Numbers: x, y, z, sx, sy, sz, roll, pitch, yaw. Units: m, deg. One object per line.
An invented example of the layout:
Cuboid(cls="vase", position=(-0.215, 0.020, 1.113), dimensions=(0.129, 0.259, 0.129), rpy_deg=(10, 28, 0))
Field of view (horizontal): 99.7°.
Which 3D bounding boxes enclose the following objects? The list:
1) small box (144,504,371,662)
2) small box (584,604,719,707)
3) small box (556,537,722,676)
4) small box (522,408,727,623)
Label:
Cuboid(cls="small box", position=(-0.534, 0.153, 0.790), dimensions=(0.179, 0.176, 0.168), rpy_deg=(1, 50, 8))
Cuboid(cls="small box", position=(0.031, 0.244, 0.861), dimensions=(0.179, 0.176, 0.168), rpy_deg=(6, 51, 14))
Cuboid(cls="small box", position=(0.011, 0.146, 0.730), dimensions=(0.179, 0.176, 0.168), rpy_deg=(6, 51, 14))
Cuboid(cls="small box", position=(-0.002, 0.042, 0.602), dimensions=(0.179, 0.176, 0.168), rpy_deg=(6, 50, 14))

..............................

Word for word, write out the entries above again.

Numbers: x, y, z, sx, sy, sz, roll, pitch, yaw. Units: m, deg. One object per line.
An invented example of the layout:
Cuboid(cls="vase", position=(-0.215, 0.020, 1.113), dimensions=(0.129, 0.259, 0.129), rpy_deg=(10, 28, 0))
Field of view (horizontal): 99.7°.
Which 3D bounding boxes enclose the following objects? The list:
1) small box (144,504,371,662)
2) small box (584,604,719,707)
3) small box (556,537,722,676)
4) small box (522,408,727,623)
Label:
Cuboid(cls="small box", position=(-0.534, 0.153, 0.790), dimensions=(0.179, 0.176, 0.168), rpy_deg=(1, 50, 8))
Cuboid(cls="small box", position=(0.031, 0.244, 0.861), dimensions=(0.179, 0.176, 0.168), rpy_deg=(6, 51, 14))
Cuboid(cls="small box", position=(0.011, 0.146, 0.730), dimensions=(0.179, 0.176, 0.168), rpy_deg=(6, 51, 14))
Cuboid(cls="small box", position=(-0.002, 0.042, 0.602), dimensions=(0.179, 0.176, 0.168), rpy_deg=(6, 50, 14))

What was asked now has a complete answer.